_Task to complete_
Your answer must be the data repeated exactly, with no pictures in it.

##### Records for processing #####

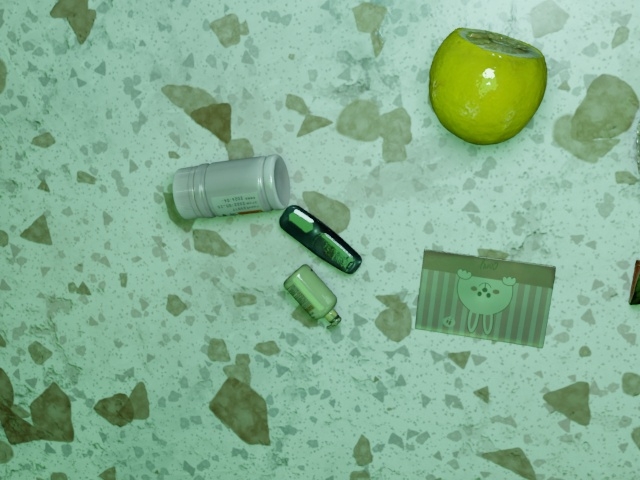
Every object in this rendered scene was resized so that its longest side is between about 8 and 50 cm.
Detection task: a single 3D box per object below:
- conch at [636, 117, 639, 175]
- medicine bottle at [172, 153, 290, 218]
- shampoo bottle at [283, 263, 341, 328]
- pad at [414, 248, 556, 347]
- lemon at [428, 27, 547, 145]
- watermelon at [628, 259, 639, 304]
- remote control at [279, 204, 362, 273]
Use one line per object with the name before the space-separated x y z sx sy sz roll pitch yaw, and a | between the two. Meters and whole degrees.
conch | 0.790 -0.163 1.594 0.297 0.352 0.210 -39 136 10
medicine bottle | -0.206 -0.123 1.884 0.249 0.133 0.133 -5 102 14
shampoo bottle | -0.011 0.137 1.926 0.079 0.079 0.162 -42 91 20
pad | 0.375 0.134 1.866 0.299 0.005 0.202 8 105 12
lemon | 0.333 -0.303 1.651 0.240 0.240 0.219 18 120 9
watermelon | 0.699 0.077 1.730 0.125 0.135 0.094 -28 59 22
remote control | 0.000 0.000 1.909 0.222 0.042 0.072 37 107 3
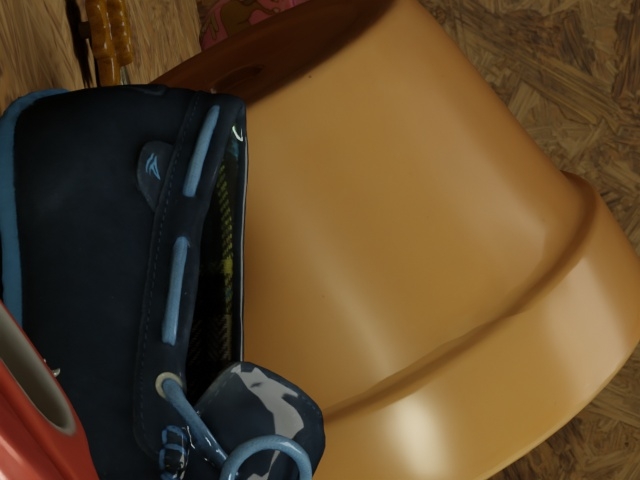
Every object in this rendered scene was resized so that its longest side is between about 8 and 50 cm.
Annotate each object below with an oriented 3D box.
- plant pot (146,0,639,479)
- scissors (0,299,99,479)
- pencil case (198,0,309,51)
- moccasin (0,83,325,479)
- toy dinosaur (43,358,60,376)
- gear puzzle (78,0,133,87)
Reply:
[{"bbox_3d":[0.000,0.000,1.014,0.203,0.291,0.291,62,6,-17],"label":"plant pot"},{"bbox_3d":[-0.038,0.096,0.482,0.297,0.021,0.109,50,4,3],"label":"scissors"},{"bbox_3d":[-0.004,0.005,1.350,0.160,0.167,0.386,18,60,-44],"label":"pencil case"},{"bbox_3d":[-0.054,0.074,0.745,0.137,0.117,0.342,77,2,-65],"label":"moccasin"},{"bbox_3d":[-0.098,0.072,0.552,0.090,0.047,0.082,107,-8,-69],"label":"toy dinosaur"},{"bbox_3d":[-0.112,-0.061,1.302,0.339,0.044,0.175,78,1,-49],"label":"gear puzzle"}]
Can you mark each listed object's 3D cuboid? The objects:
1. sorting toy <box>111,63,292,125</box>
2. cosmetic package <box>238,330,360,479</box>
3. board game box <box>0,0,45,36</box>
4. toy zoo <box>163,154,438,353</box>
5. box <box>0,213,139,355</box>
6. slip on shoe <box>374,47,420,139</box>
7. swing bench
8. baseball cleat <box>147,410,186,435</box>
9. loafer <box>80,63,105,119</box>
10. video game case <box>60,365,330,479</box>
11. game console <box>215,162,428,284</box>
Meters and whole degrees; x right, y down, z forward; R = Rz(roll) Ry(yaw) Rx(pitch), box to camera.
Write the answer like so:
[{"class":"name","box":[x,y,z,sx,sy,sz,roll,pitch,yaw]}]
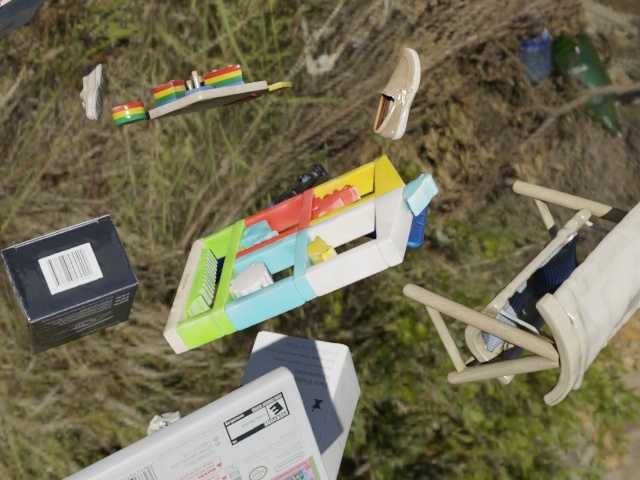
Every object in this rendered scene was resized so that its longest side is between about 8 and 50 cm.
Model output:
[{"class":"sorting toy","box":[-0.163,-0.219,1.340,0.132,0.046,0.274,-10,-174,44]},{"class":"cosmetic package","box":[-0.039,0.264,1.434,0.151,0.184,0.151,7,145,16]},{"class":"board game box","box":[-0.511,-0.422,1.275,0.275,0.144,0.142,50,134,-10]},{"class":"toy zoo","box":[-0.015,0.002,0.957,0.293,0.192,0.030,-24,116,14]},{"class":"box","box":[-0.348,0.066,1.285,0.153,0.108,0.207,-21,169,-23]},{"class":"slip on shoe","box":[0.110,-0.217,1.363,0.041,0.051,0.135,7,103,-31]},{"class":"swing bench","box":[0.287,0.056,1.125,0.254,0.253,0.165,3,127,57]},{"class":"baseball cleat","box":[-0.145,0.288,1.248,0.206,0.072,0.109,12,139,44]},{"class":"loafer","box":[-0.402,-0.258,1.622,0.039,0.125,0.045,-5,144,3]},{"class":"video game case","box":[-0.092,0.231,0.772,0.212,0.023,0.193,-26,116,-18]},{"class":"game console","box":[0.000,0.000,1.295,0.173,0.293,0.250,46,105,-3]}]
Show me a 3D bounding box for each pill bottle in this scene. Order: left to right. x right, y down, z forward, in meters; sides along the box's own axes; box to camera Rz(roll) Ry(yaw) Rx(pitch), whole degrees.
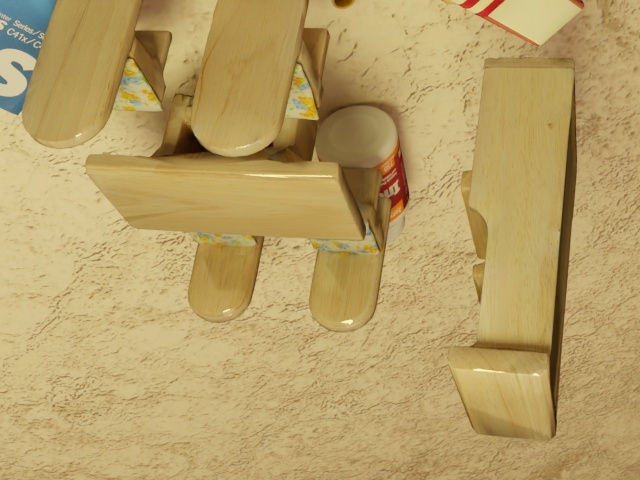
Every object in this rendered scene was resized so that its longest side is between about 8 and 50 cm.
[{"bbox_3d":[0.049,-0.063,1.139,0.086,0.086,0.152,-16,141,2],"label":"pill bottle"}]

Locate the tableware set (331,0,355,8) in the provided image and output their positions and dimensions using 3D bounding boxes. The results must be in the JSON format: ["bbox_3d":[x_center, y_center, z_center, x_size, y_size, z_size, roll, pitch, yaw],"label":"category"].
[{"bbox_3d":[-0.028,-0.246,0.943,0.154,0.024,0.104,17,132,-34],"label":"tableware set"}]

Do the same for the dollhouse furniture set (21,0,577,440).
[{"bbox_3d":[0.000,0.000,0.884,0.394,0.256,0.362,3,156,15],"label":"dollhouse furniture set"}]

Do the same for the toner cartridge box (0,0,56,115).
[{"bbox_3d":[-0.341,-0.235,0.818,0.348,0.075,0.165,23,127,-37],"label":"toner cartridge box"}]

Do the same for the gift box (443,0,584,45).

#####

_Output_
Every object in this rendered scene was resized so that its longest side is between about 8 and 50 cm.
Detection task: a single 3D box per object below:
- conch at [636, 117, 639, 175]
- medicine bottle at [172, 153, 290, 218]
- shampoo bottle at [283, 263, 341, 328]
- pad at [414, 248, 556, 347]
- lemon at [428, 27, 547, 145]
- watermelon at [628, 259, 639, 304]
- remote control at [279, 204, 362, 273]
Use one line per object with the name before the space-separated x y z sx sy sz roll pitch yaw, and a | between the two. Meters and whole degrees.
conch | 0.790 -0.163 1.594 0.297 0.352 0.210 -39 136 10
medicine bottle | -0.206 -0.123 1.884 0.249 0.133 0.133 -5 102 14
shampoo bottle | -0.011 0.137 1.926 0.079 0.079 0.162 -42 91 20
pad | 0.375 0.134 1.866 0.299 0.005 0.202 8 105 12
lemon | 0.333 -0.303 1.651 0.240 0.240 0.219 18 120 9
watermelon | 0.699 0.077 1.730 0.125 0.135 0.094 -28 59 22
remote control | 0.000 0.000 1.909 0.222 0.042 0.072 37 107 3
Every object in this rendered scene was resized so that its longest side is between about 8 and 50 cm.
Annotate each object below with an oriented 3D box.
- plant pot (146,0,639,479)
- scissors (0,299,99,479)
- pencil case (198,0,309,51)
- moccasin (0,83,325,479)
- toy dinosaur (43,358,60,376)
- gear puzzle (78,0,133,87)
Reply:
[{"bbox_3d":[0.000,0.000,1.014,0.203,0.291,0.291,62,6,-17],"label":"plant pot"},{"bbox_3d":[-0.038,0.096,0.482,0.297,0.021,0.109,50,4,3],"label":"scissors"},{"bbox_3d":[-0.004,0.005,1.350,0.160,0.167,0.386,18,60,-44],"label":"pencil case"},{"bbox_3d":[-0.054,0.074,0.745,0.137,0.117,0.342,77,2,-65],"label":"moccasin"},{"bbox_3d":[-0.098,0.072,0.552,0.090,0.047,0.082,107,-8,-69],"label":"toy dinosaur"},{"bbox_3d":[-0.112,-0.061,1.302,0.339,0.044,0.175,78,1,-49],"label":"gear puzzle"}]
Can you mark each listed object's 3D cuboid? The objects:
1. sorting toy <box>111,63,292,125</box>
2. cosmetic package <box>238,330,360,479</box>
3. board game box <box>0,0,45,36</box>
4. toy zoo <box>163,154,438,353</box>
5. box <box>0,213,139,355</box>
6. slip on shoe <box>374,47,420,139</box>
7. swing bench
8. baseball cleat <box>147,410,186,435</box>
9. loafer <box>80,63,105,119</box>
10. video game case <box>60,365,330,479</box>
11. game console <box>215,162,428,284</box>
Meters and whole degrees; x right, y down, z forward; R = Rz(roll) Ry(yaw) Rx(pitch), box to camera.
Write the answer like so:
[{"class":"name","box":[x,y,z,sx,sy,sz,roll,pitch,yaw]}]
Every object in this rendered scene was resized so that its longest side is between about 8 and 50 cm.
Model output:
[{"class":"sorting toy","box":[-0.163,-0.219,1.340,0.132,0.046,0.274,-10,-174,44]},{"class":"cosmetic package","box":[-0.039,0.264,1.434,0.151,0.184,0.151,7,145,16]},{"class":"board game box","box":[-0.511,-0.422,1.275,0.275,0.144,0.142,50,134,-10]},{"class":"toy zoo","box":[-0.015,0.002,0.957,0.293,0.192,0.030,-24,116,14]},{"class":"box","box":[-0.348,0.066,1.285,0.153,0.108,0.207,-21,169,-23]},{"class":"slip on shoe","box":[0.110,-0.217,1.363,0.041,0.051,0.135,7,103,-31]},{"class":"swing bench","box":[0.287,0.056,1.125,0.254,0.253,0.165,3,127,57]},{"class":"baseball cleat","box":[-0.145,0.288,1.248,0.206,0.072,0.109,12,139,44]},{"class":"loafer","box":[-0.402,-0.258,1.622,0.039,0.125,0.045,-5,144,3]},{"class":"video game case","box":[-0.092,0.231,0.772,0.212,0.023,0.193,-26,116,-18]},{"class":"game console","box":[0.000,0.000,1.295,0.173,0.293,0.250,46,105,-3]}]
Show me a 3D bounding box for each pill bottle in this scene. Order: left to right. x right, y down, z forward, in meters; sides along the box's own axes; box to camera Rz(roll) Ry(yaw) Rx(pitch), whole degrees.
Every object in this rendered scene was resized so that its longest side is between about 8 and 50 cm.
[{"bbox_3d":[0.049,-0.063,1.139,0.086,0.086,0.152,-16,141,2],"label":"pill bottle"}]

Locate the tableware set (331,0,355,8) in the provided image and output their positions and dimensions using 3D bounding boxes. The results must be in the JSON format: ["bbox_3d":[x_center, y_center, z_center, x_size, y_size, z_size, roll, pitch, yaw],"label":"category"].
[{"bbox_3d":[-0.028,-0.246,0.943,0.154,0.024,0.104,17,132,-34],"label":"tableware set"}]

Do the same for the dollhouse furniture set (21,0,577,440).
[{"bbox_3d":[0.000,0.000,0.884,0.394,0.256,0.362,3,156,15],"label":"dollhouse furniture set"}]

Do the same for the toner cartridge box (0,0,56,115).
[{"bbox_3d":[-0.341,-0.235,0.818,0.348,0.075,0.165,23,127,-37],"label":"toner cartridge box"}]

Do the same for the gift box (443,0,584,45).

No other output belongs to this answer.